There was no baby shower when my daughter Katie was pregnant. Recalling my mom’s thoughtful gift of lovely, white eyelet bumper pads for Katie’s hand-me-down crib from Tim’s cousin, I told Katie, “I would love to get the bumper pads for the crib.”
“We don’t use bumper pads.”
They don’t use old cribs either. I soon learned to tame my garage sale groove as these gifts were not greeted with the same fervor I experienced at the card table.
Generational changes are endless. My parents didn’t use car seats, my kids sat in them until preschool when carpooling began.
My grandbabies reclined in John Glenn Orbits the Moon carseats requiring the mind of an engineer for proper launching. They now sit in booster seats complete with water bottle holders. Ingenious. I love those carseats. I want the kids to be safe, safe, and more safe.
I scroll through the baby registry and marvel at the gadgets: video monitors, sound machines for the baby’s room and the stroller, bottle dryers, portable changing tables.

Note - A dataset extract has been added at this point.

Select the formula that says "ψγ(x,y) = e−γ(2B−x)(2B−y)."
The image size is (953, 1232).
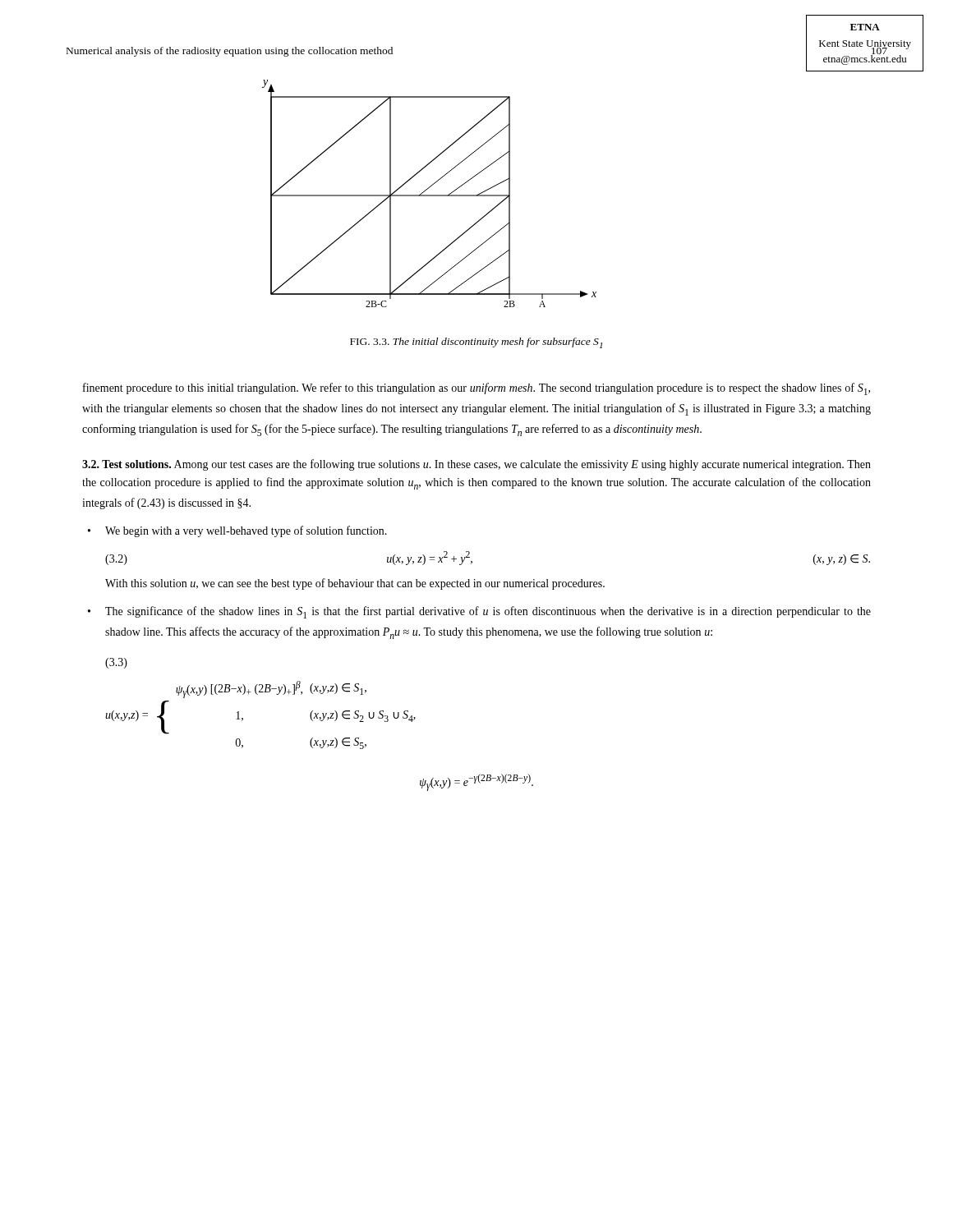point(476,782)

I struggle with my gift selection and opt for one I wish I had - a thermometer that reads the baby’s temperature simply by holding it against the baby’s head.
When Katie was three months old, I thought she felt feverish. My mother-in-law Mary was visiting and said, “Just put some Vaseline on the thermometer’s tip and insert it into Katie’s bottom.”
I took the silver-tipped, blue-lined glass tube out of its plastic case, slathered it, spread those beautiful baby cheeks, and froze. There was no way I was sticking that thing inside of Katie. Swear to God. I don’t know why God gave me kids.
Mary did it. She held up Katie’s legs as if she was a calf, slid that thing in, held it, and counted to what seemed forever. This was hell for me. I still shiver at the thought of it. Katie was fine.
Click, click, click. I purchase my gift - and hope it never needs to be used.